Question

1. a man rows for a race by rowing his canoe on a lake. he starts by rowing along a straight path. then he turns and rows 260m west. if he then finds he is located 360m exactly north of his starting point, what are the magnitude and direction of his displacement along the first straight path? clear all 197200 m 248 m 444 m 620 m

Explanation:

Step1: Consider the displacements as vectors

Let the first - unknown displacement be $\vec{d}_1$, the west - ward displacement $\vec{d}_2=- 260\hat{i}$ (assuming the east - west direction along the x - axis with east as positive) and the final displacement $\vec{d}_f = 360\hat{j}$ (assuming north - south direction along the y - axis with north as positive).

Step2: Use vector addition

We know that $\vec{d}_1+\vec{d}_2=\vec{d}_f$. So, $\vec{d}_1=\vec{d}_f-\vec{d}_2$. Substituting the values, $\vec{d}_1 = 260\hat{i}+360\hat{j}$.

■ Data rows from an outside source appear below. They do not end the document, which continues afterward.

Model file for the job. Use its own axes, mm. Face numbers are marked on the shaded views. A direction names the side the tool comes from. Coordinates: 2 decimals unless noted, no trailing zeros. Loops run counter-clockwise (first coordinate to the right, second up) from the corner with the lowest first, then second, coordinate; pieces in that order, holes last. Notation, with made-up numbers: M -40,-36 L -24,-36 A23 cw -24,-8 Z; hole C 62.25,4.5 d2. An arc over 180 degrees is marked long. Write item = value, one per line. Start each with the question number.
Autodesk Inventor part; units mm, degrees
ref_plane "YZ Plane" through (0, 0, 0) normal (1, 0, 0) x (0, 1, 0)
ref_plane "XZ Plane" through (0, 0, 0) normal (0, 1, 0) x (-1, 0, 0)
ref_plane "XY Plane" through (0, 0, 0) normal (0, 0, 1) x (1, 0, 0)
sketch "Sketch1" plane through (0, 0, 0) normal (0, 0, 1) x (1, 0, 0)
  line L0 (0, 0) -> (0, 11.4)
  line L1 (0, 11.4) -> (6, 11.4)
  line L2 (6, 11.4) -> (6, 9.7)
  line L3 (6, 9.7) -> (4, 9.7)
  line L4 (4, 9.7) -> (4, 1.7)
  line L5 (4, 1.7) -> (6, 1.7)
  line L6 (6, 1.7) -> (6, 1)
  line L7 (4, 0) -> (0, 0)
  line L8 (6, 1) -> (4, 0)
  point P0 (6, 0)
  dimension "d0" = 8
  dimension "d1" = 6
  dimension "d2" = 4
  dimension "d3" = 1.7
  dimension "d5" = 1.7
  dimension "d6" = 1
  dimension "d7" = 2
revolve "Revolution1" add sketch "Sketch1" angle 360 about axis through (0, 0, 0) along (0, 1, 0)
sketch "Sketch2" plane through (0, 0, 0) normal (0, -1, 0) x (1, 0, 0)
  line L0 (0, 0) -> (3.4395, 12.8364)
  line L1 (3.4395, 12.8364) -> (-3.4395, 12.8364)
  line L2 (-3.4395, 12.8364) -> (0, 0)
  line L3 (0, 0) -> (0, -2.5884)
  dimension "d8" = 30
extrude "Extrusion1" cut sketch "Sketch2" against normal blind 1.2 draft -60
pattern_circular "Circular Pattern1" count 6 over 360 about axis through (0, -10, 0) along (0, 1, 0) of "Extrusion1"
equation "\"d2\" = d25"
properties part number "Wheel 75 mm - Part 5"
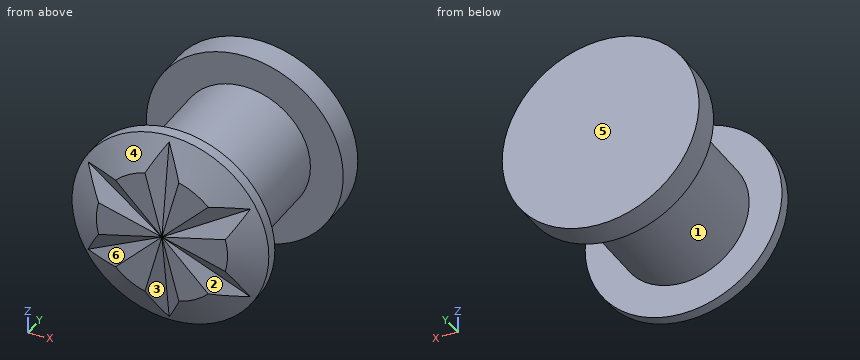
Item 1: Cut at A-A (y = 5). Give the cut face in (x, z), plus the area to 3 significant figures.
Item 2: Cut at B-B (y = 10.25). Give the cut face in (x, z), plus the area to 3 significant figures.
Item 3: 3-axis set-ups, long thin cutter, end or side, ignore diameter. For the marked faces 1, 2 and 3: which of +Z, -Z, +X, -X, +Y, -Y reach the whole face in a straight line?
Item 4: Probe L1, parallel to Y at x = 3.25, z = -3.25; L2, parallel to Y at x = -2, z = -4.75; L3, parallel to Y at x = 0.75, z = -3.25. List the from-to ranges inside material, lowest first.
Item 5: Pin check, flat tips, straight feed: pin 1 Ø3 at (x, z) = (4.5, 4) entering from -Y; pin 2 Ø5 at (y, z) = (5.5, 1) entering from -X; pin 3 Ø5 at (y, z) = (10, 3) entering from +X. Stop position of each tip, or through.
Item 6: Pull direction Z, two halves, no side cores. Call the marked faces 4, 5 and 6: +Z half, -Z half, draft (parallel to the pull), parting line (faces both ways), or undercut.
Reported:
q1.outline = C 0,0 d8
q1.area = 50.3 mm^2
q2.outline = C 0,0 d12
q2.area = 113 mm^2
q3.face_1 = none
q3.face_2 = -Y
q3.face_3 = -Z, -Y
q4.L1 = 0.3 to 1.7, 9.7 to 11.4
q4.L2 = 0.58 to 1.7, 9.7 to 11.4
q4.L3 = 0.07 to 11.4
q5.pin_1 = 0.26
q5.pin_2 = -4
q5.pin_3 = 5.98
q6.face_4 = parting line
q6.face_5 = draft
q6.face_6 = undercut

Step3: Calculate the magnitude of $\vec{d}_1$

The magnitude of a vector $\vec{A}=A_x\hat{i} + A_y\hat{j}$ is given by $|\vec{A}|=\sqrt{A_x^{2}+A_y^{2}}$. For $\vec{d}_1$, $A_x = 260$ and $A_y = 360$. Then $|\vec{d}_1|=\sqrt{260^{2}+360^{2}}=\sqrt{67600 + 129600}=\sqrt{197200}\approx444$ m.

Answer:

444 m